Chief financial officer Barry McCarthy said subscriber growth was unusually weak in August and fell slightly below expectations in September, “likely due to the economic climate.”

However, the Netco said it did expect third-quarter net income to fall within its guidance for the period of $16 million-$21 million. It said revenue was expected to land within its previous guidance of $343 million-$348 million excluding a onetime $6.5 million credit for an August service interruption.

Service ended the quarter with 8.672 million subscribers, slightly below its forecast of 8.675 million-8.875 million subs for the period. It will release its complete earnings on Oct. 20.

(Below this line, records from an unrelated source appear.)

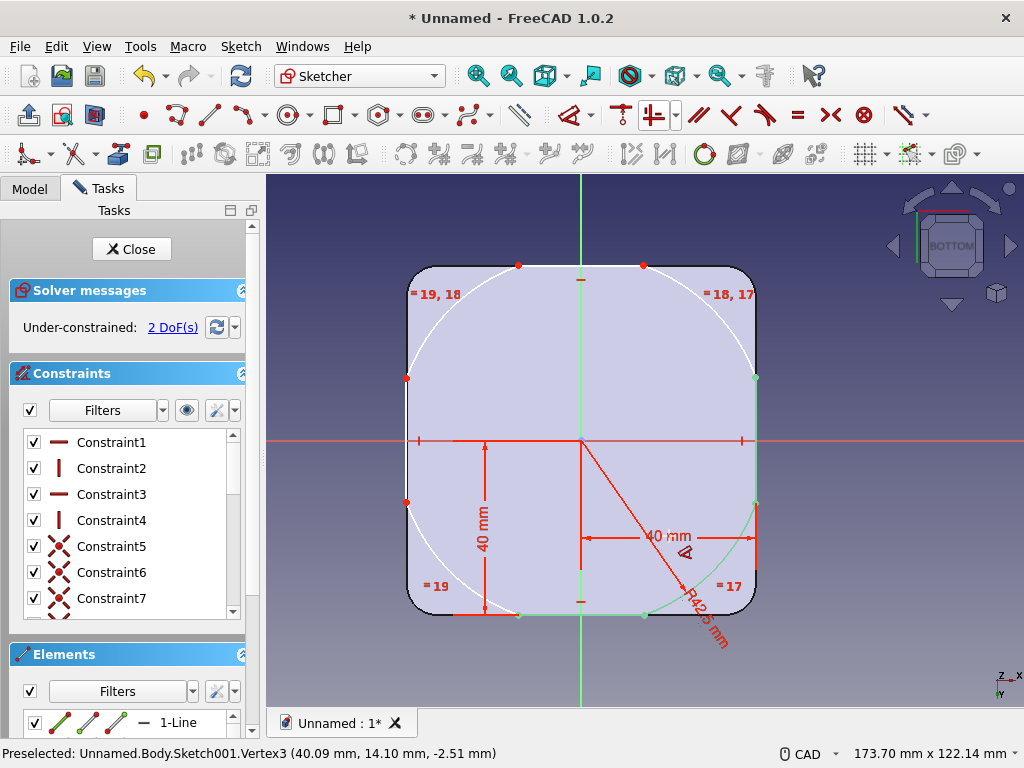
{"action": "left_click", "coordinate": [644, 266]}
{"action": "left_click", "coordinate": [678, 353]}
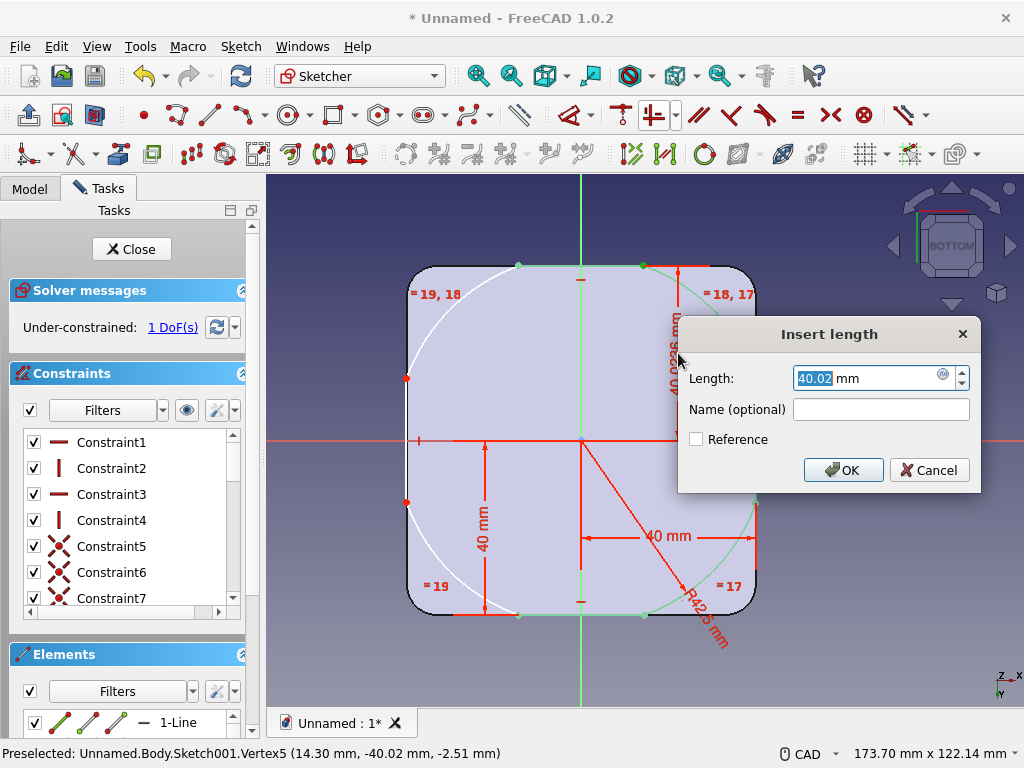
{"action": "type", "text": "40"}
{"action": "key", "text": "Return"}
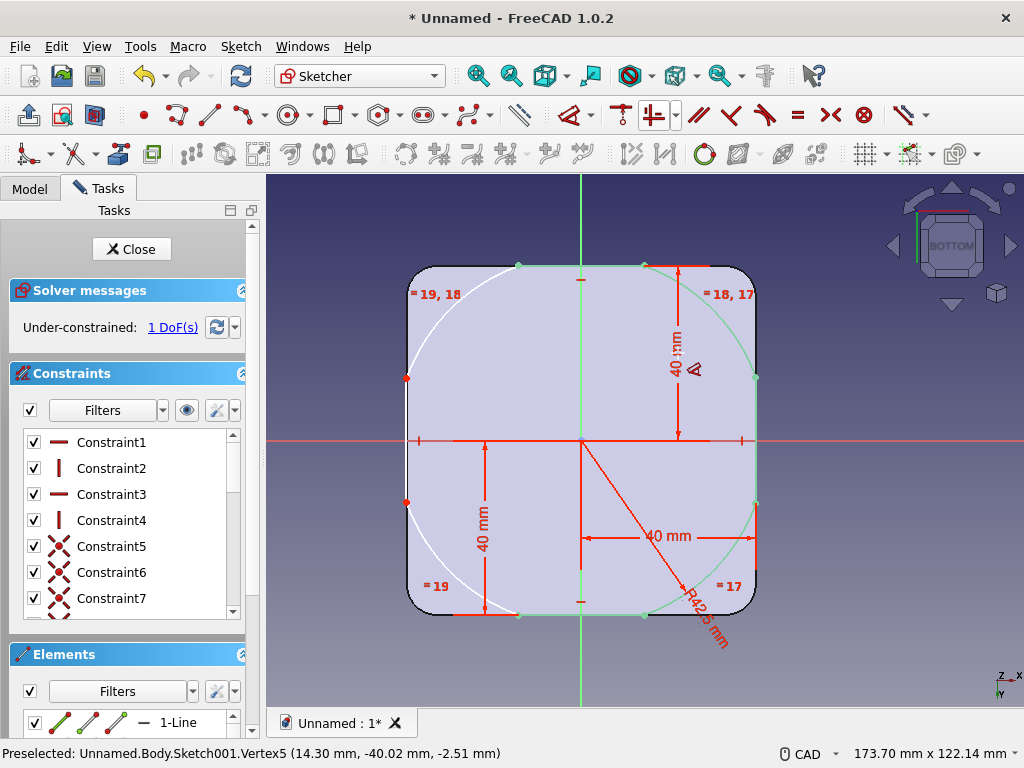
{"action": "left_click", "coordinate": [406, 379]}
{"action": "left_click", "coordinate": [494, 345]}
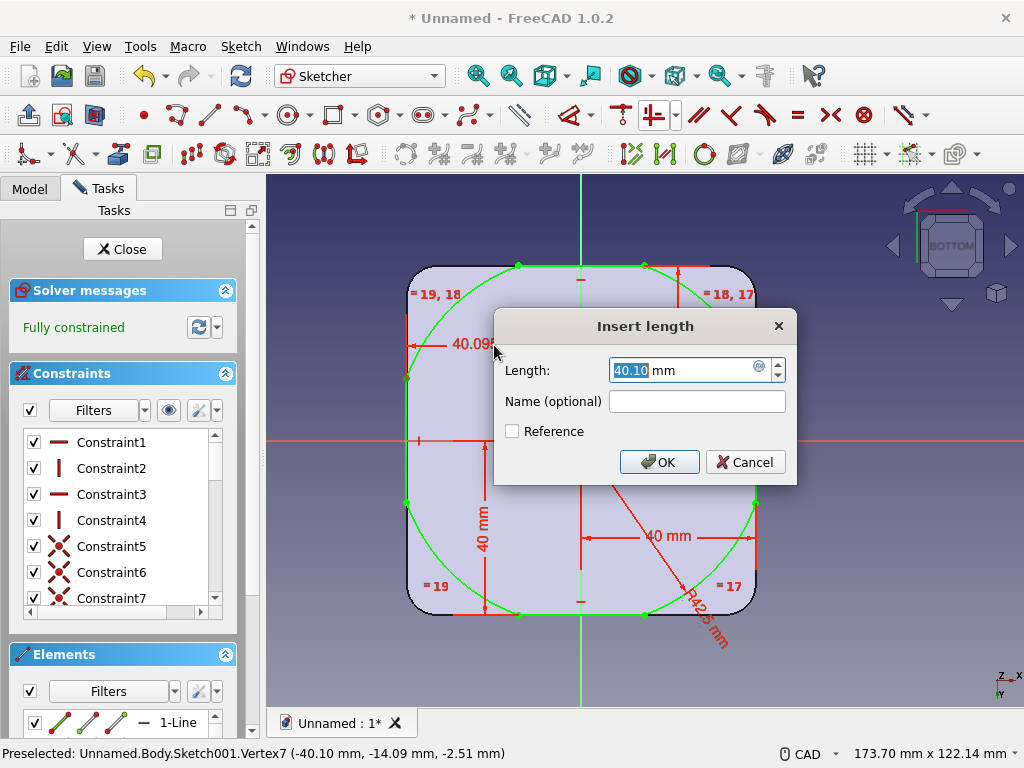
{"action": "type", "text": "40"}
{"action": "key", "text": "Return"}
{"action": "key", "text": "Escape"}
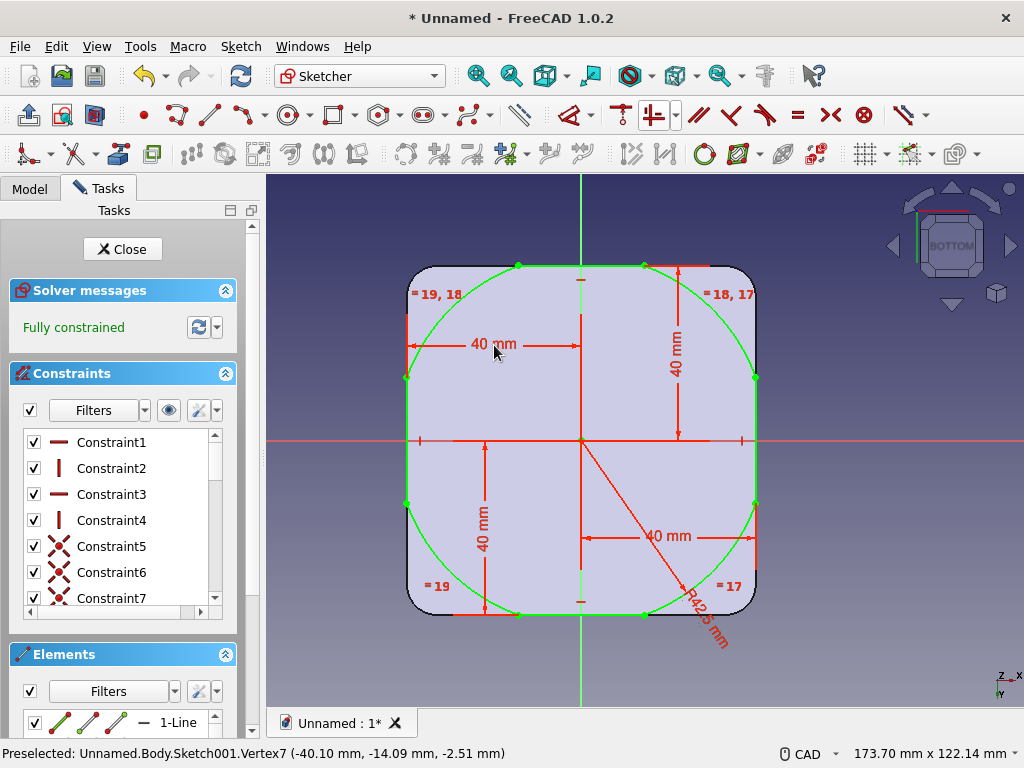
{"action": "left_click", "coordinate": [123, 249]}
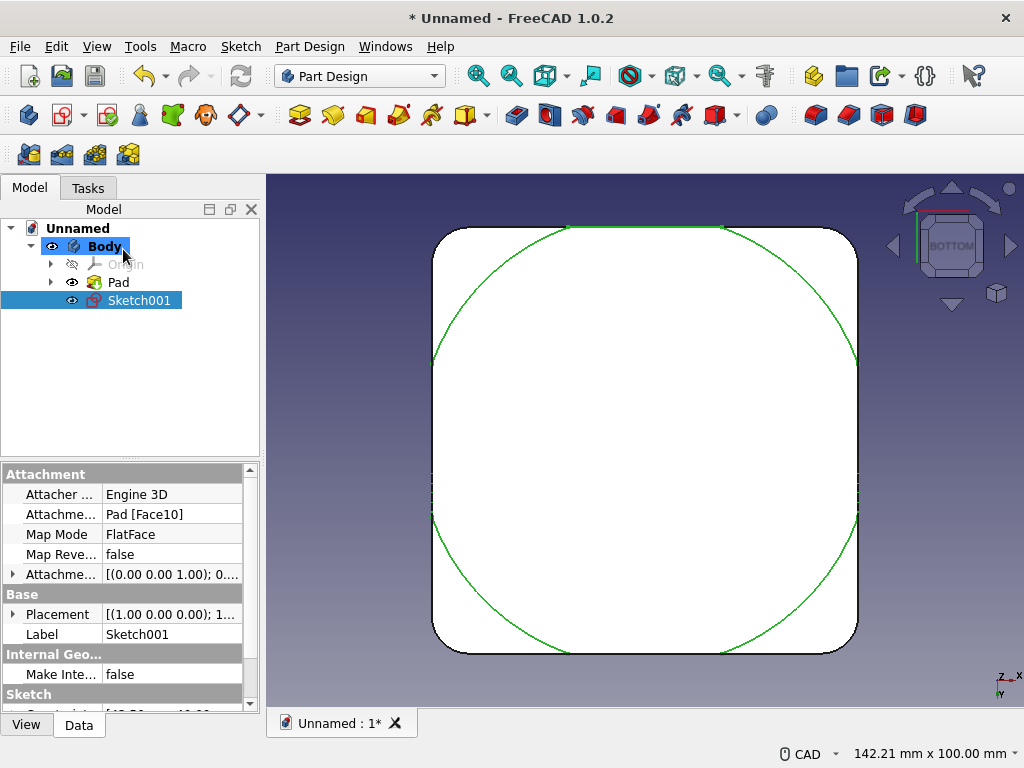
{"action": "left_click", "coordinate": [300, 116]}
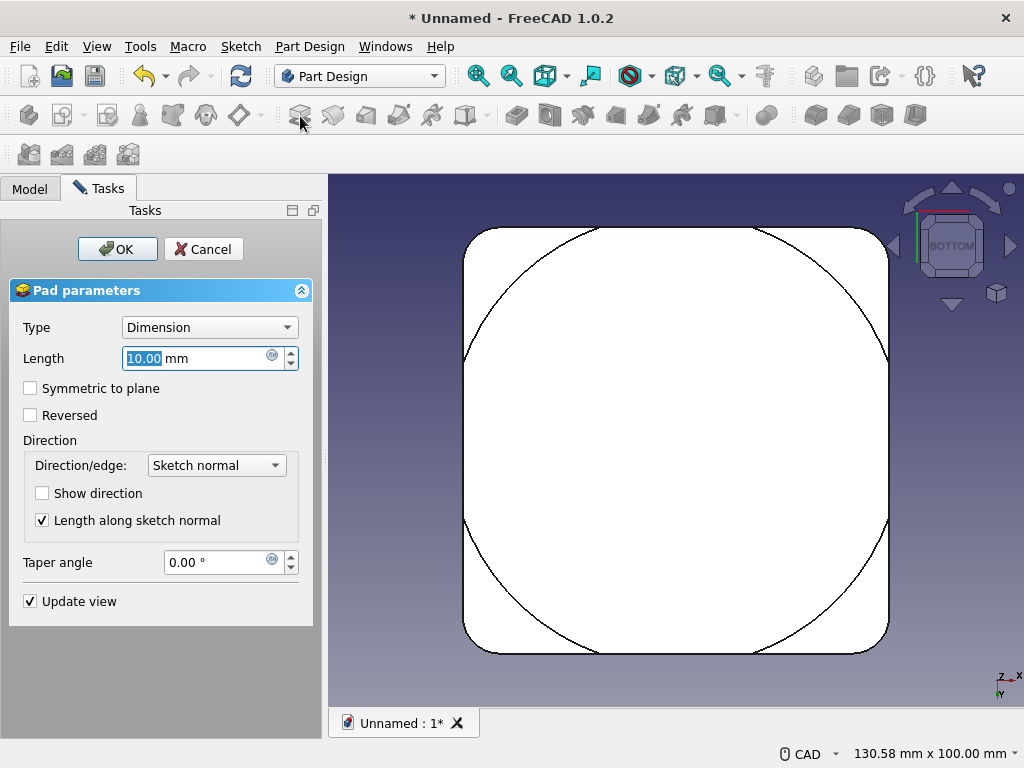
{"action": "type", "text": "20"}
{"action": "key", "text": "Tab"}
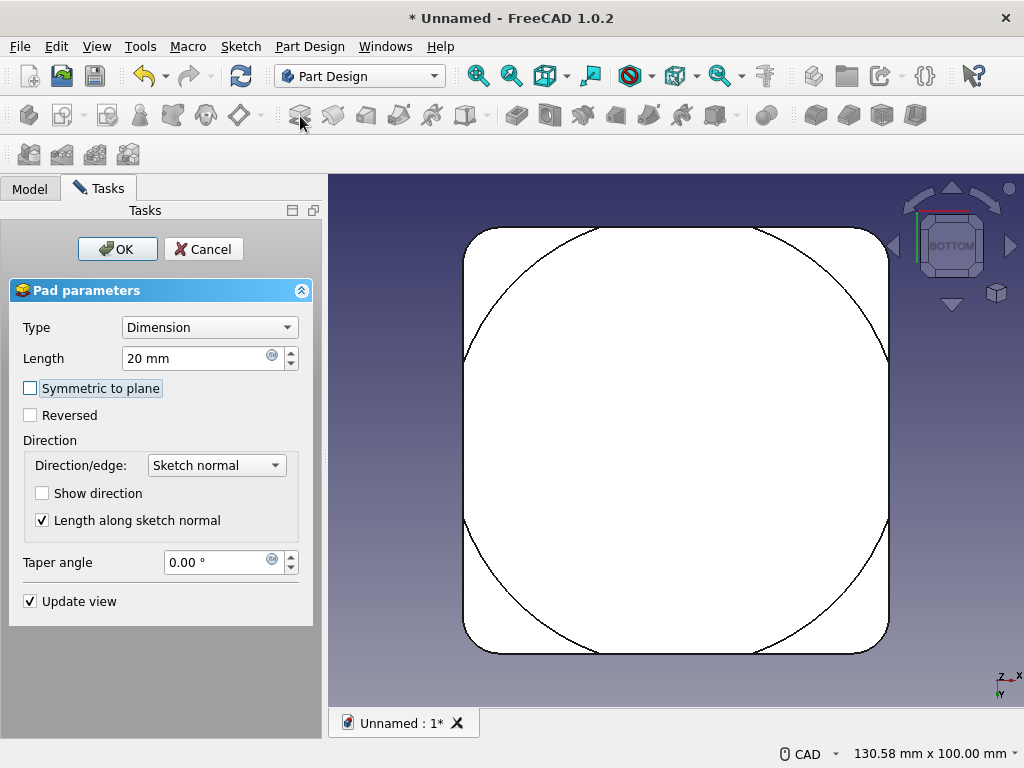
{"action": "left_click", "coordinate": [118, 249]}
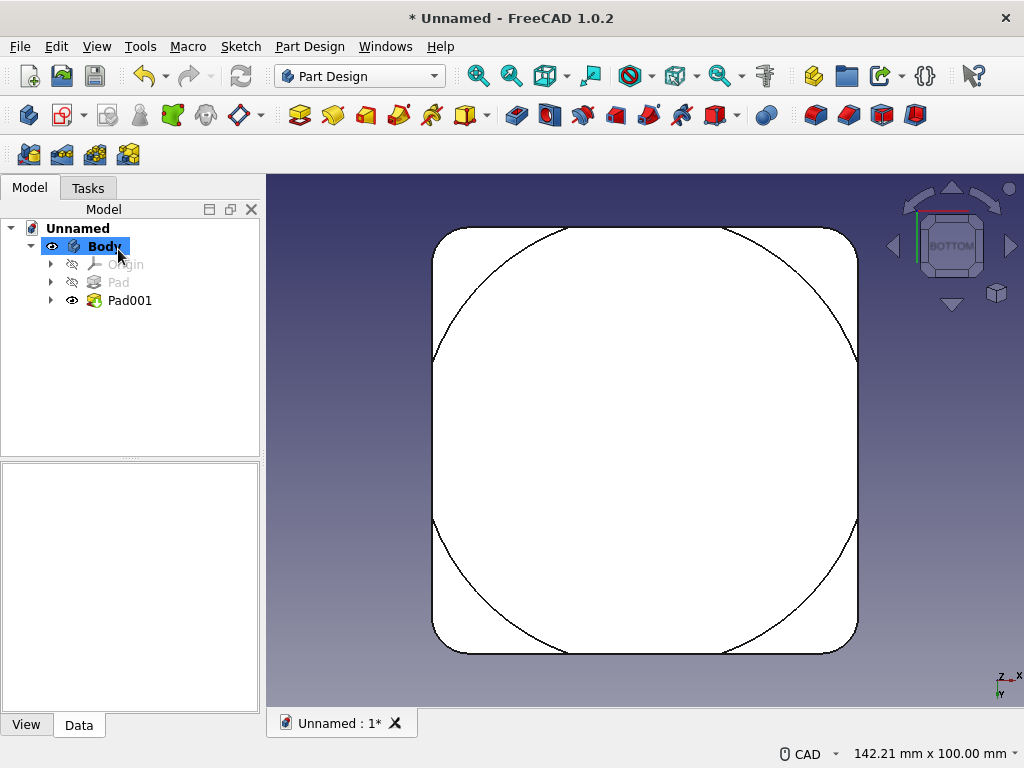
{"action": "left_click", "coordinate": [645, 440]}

DVD rentals sagged overall in August and September, according to Rentrak’s Home Video Essentials, which collects point-of-sale data from bricks-and-mortar and online rentailers but not rental kiosks. DVD rental turns were down 9.4% in August compared with the same month a year earlier, and September rental turns were off 3.5%, according to Rentrak. It’s flat for the year, however, and some observers expect the economic crunch to boost rentals over sales. The impact on subscription services such as Netflix is harder to gauge.

Company’s revised guidance for the fourth quarter is 8.95 million-9.25 million subs, down from 9.1 million-9.7 million subs and revenue of $353 million-$359 million, down from $357 million-$367 million. It did not change its net income forecast of $18 million-$23 million.

Netco has been trying to boost subscribers by offering video streaming. In recent months it has inked deals with Microsoft’s Xbox Live service, CBS, Disney Channel and Starz Entertainment.